The use of the terms “a” and “an” and “the” and similar referents in the context of describing the invention (especially in the context of the following claims) are to be construed to cover both the singular and the plural, unless otherwise indicated herein or clearly contradicted by context. Further, it should further be noted that the terms “first,” “second,” and the like herein do not denote any order, quantity, or importance, but rather are used to distinguish one element from another. The modifier “about” used in connection with a quantity is inclusive of the stated value and has the meaning dictated by the context (e.g., it includes the degree of error associated with measurement of the particular quantity).
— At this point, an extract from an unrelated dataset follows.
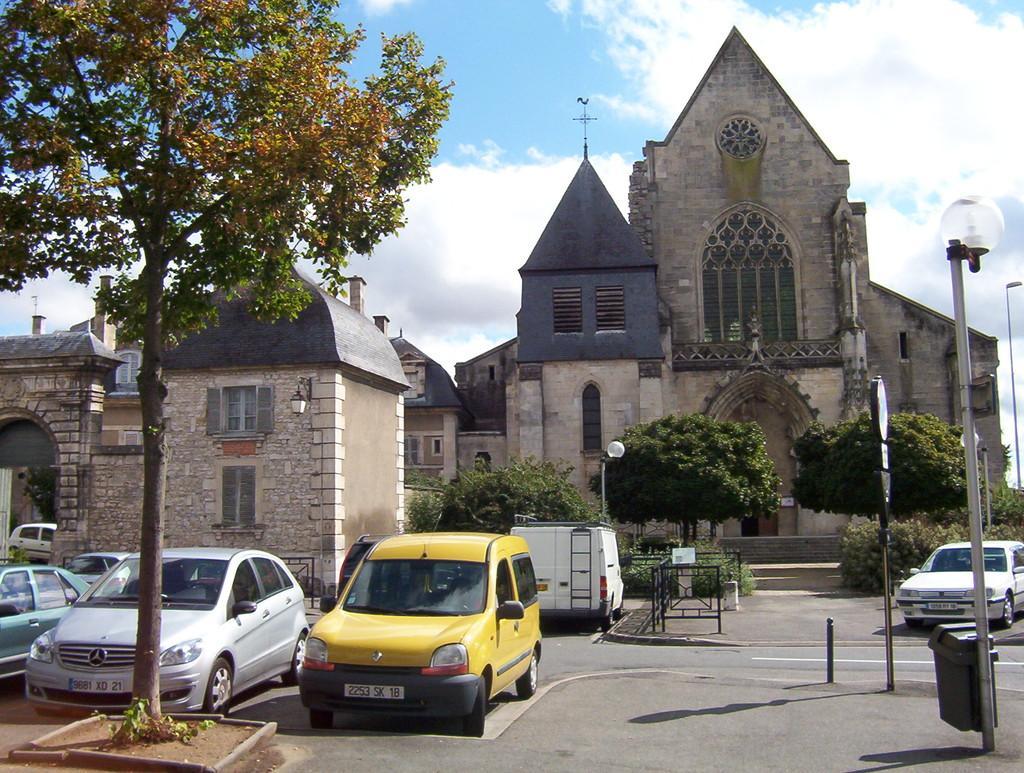Could you give a brief overview of what you see in this image? In this image there are vehicles on the road. In the front on the left side there is a tree. In the background there are buildings, trees, poles, and the sky is cloudy.

The teachings of the present disclosure may be used in a variety of well operations. These operations may involve using one or more treatment agents to treat a formation, the fluids resident in a formation, a wellbore, and/or equipment in the wellbore, such as production tubing. The treatment agents may be in the form of liquids, gases, solids, semi-solids, and mixtures thereof. Illustrative treatment agents include, but are not limited to, fracturing fluids, acids, steam, water, brine, anti-corrosion agents, cement, permeability modifiers, drilling muds, emulsifiers, demulsifiers, tracers, flow improvers etc. Illustrative well operations include, but are not limited to, hydraulic fracturing, stimulation, tracer injection, cleaning, acidizing, steam injection, water flooding, cementing, etc.
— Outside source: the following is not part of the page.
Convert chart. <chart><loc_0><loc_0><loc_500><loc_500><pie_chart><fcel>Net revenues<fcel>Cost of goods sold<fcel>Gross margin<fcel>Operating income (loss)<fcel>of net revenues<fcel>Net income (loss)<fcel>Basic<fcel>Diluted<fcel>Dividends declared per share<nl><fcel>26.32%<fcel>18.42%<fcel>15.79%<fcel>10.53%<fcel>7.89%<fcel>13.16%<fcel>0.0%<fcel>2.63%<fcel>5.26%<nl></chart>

While the invention has been described with reference to an exemplary embodiment or embodiments, it will be understood by those skilled in the art that various changes may be made and equivalents may be substituted for elements thereof without departing from the scope of the invention. In addition, many modifications may be made to adapt a particular situation or material to the teachings of the invention without departing from the essential scope thereof. Therefore, it is intended that the invention not be limited to the particular embodiment disclosed as the best mode contemplated for carrying out this invention, but that the invention will include all embodiments falling within the scope of the claims. Also, in the drawings and the description, there have been disclosed exemplary embodiments of the invention and, although specific terms may have been employed, they are unless otherwise stated used in a generic and descriptive sense only and not for purposes of limitation, the scope of the invention therefore not being so limited.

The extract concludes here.